• THE RECORDS

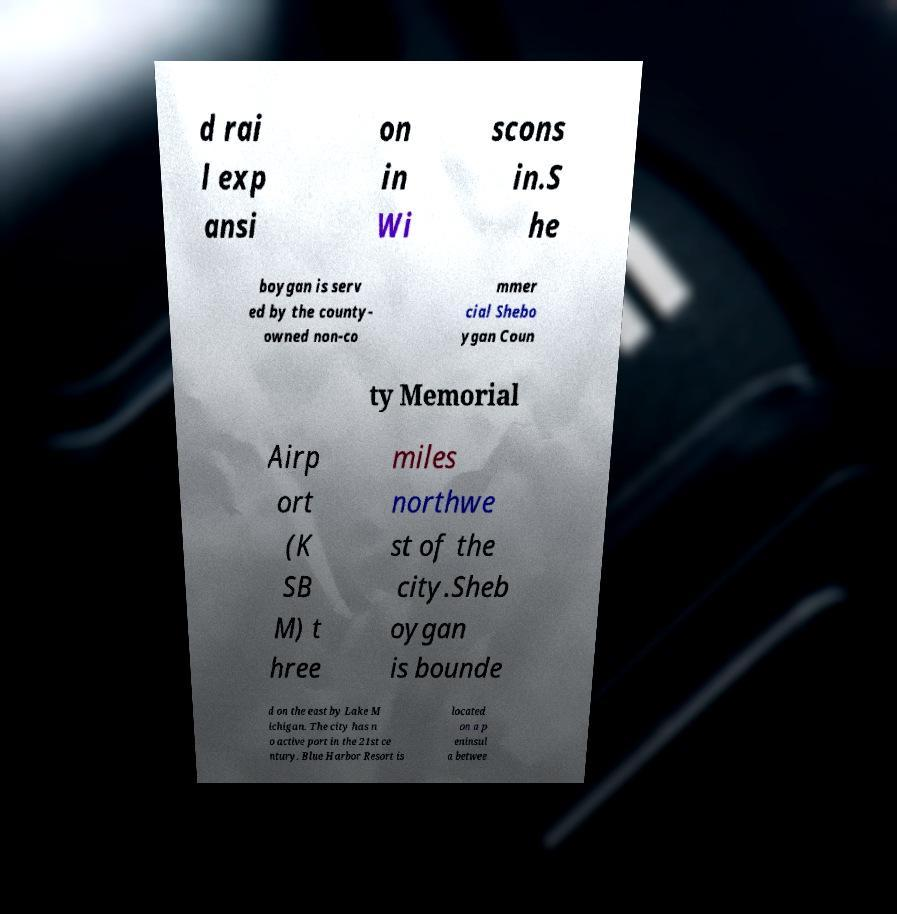Please read and relay the text visible in this image. What does it say? d rai l exp ansi on in Wi scons in.S he boygan is serv ed by the county- owned non-co mmer cial Shebo ygan Coun ty Memorial Airp ort (K SB M) t hree miles northwe st of the city.Sheb oygan is bounde d on the east by Lake M ichigan. The city has n o active port in the 21st ce ntury. Blue Harbor Resort is located on a p eninsul a betwee 
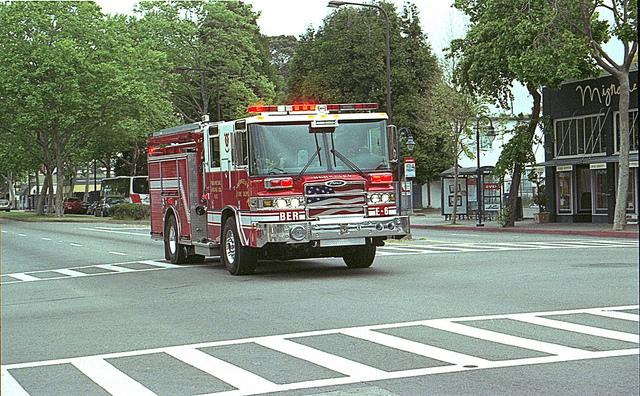What do the flashing lights indicate on this vehicle? Please explain your reasoning. fire. The lights indicate fire. 
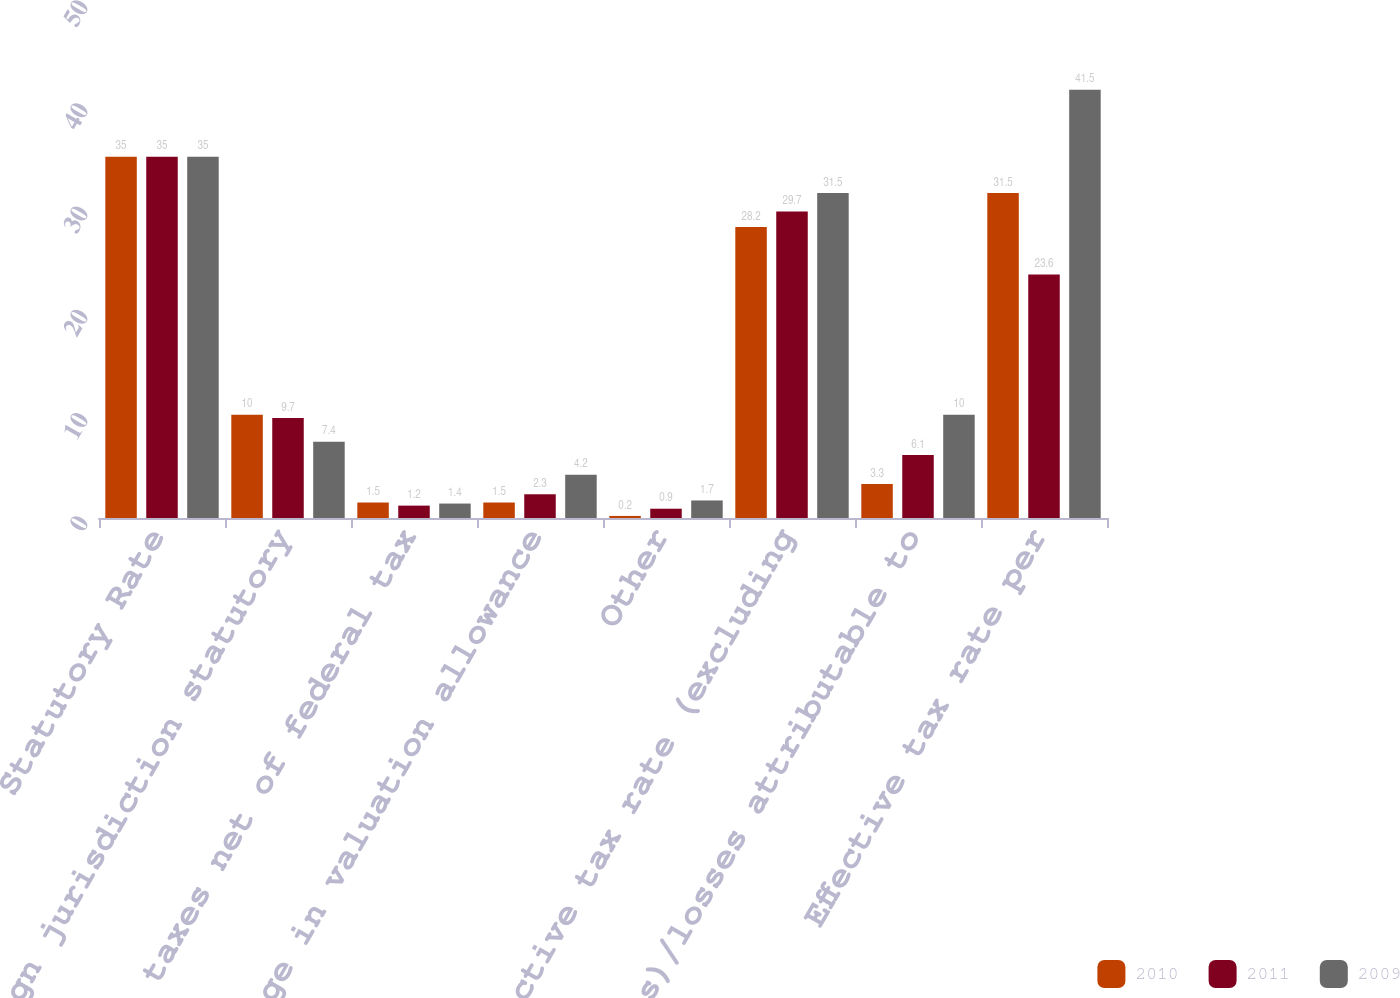Convert chart. <chart><loc_0><loc_0><loc_500><loc_500><stacked_bar_chart><ecel><fcel>Statutory Rate<fcel>Foreign jurisdiction statutory<fcel>State taxes net of federal tax<fcel>Change in valuation allowance<fcel>Other<fcel>Effective tax rate (excluding<fcel>(Gains)/losses attributable to<fcel>Effective tax rate per<nl><fcel>2010<fcel>35<fcel>10<fcel>1.5<fcel>1.5<fcel>0.2<fcel>28.2<fcel>3.3<fcel>31.5<nl><fcel>2011<fcel>35<fcel>9.7<fcel>1.2<fcel>2.3<fcel>0.9<fcel>29.7<fcel>6.1<fcel>23.6<nl><fcel>2009<fcel>35<fcel>7.4<fcel>1.4<fcel>4.2<fcel>1.7<fcel>31.5<fcel>10<fcel>41.5<nl></chart> 
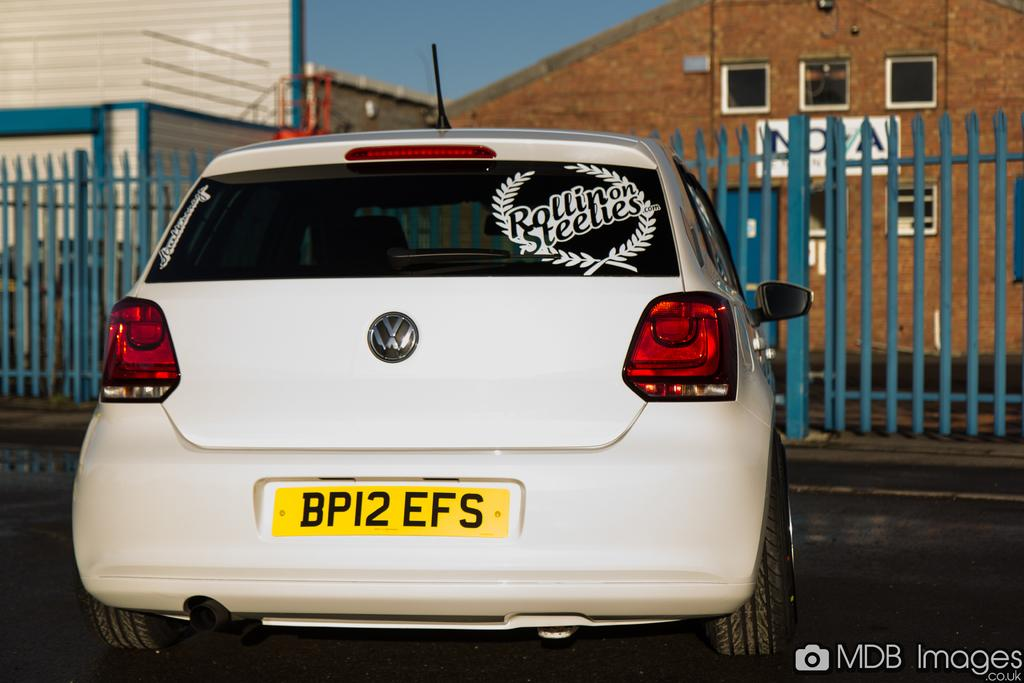<image>
Present a compact description of the photo's key features. Yellow license plate which says BP12EFS for a white car. 
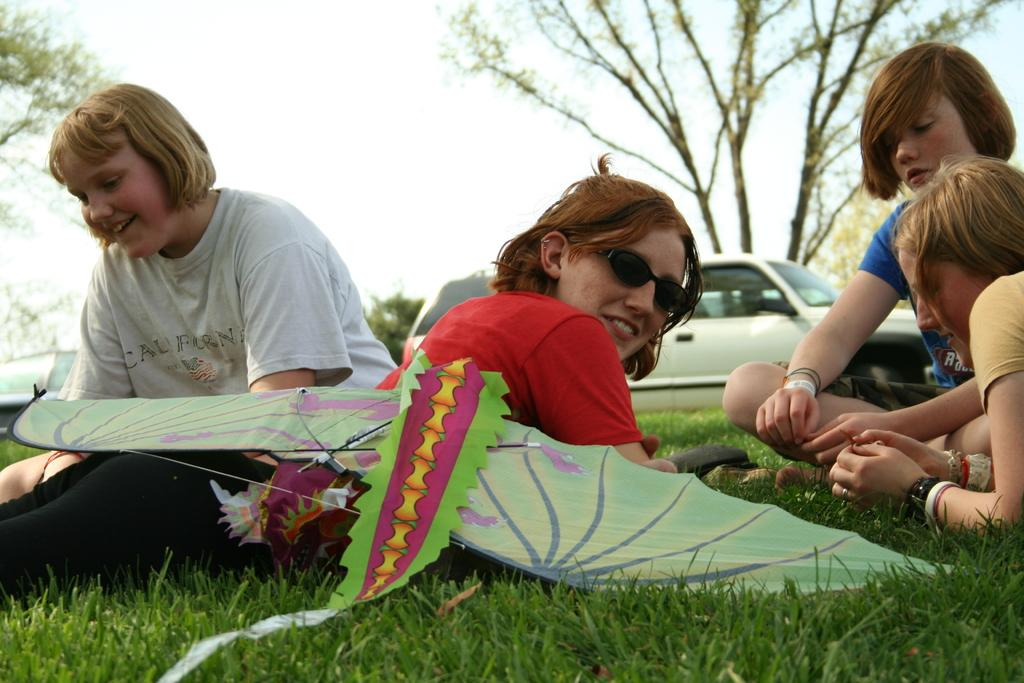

• ACTIVITY
Please copy the records above word for word, omitting every picture.

• SOLVED EXERCISE
Please read and relay the text visible in this image. What does it say? d rai l exp ansi on in Wi scons in.S he boygan is serv ed by the county- owned non-co mmer cial Shebo ygan Coun ty Memorial Airp ort (K SB M) t hree miles northwe st of the city.Sheb oygan is bounde d on the east by Lake M ichigan. The city has n o active port in the 21st ce ntury. Blue Harbor Resort is located on a p eninsul a betwee 
What do the flashing lights indicate on this vehicle? Please explain your reasoning. fire. The lights indicate fire. 
Convert chart. <chart><loc_0><loc_0><loc_500><loc_500><stacked_bar_chart><ecel><fcel>Statutory Rate<fcel>Foreign jurisdiction statutory<fcel>State taxes net of federal tax<fcel>Change in valuation allowance<fcel>Other<fcel>Effective tax rate (excluding<fcel>(Gains)/losses attributable to<fcel>Effective tax rate per<nl><fcel>2010<fcel>35<fcel>10<fcel>1.5<fcel>1.5<fcel>0.2<fcel>28.2<fcel>3.3<fcel>31.5<nl><fcel>2011<fcel>35<fcel>9.7<fcel>1.2<fcel>2.3<fcel>0.9<fcel>29.7<fcel>6.1<fcel>23.6<nl><fcel>2009<fcel>35<fcel>7.4<fcel>1.4<fcel>4.2<fcel>1.7<fcel>31.5<fcel>10<fcel>41.5<nl></chart> 
<image>
Present a compact description of the photo's key features. Yellow license plate which says BP12EFS for a white car. 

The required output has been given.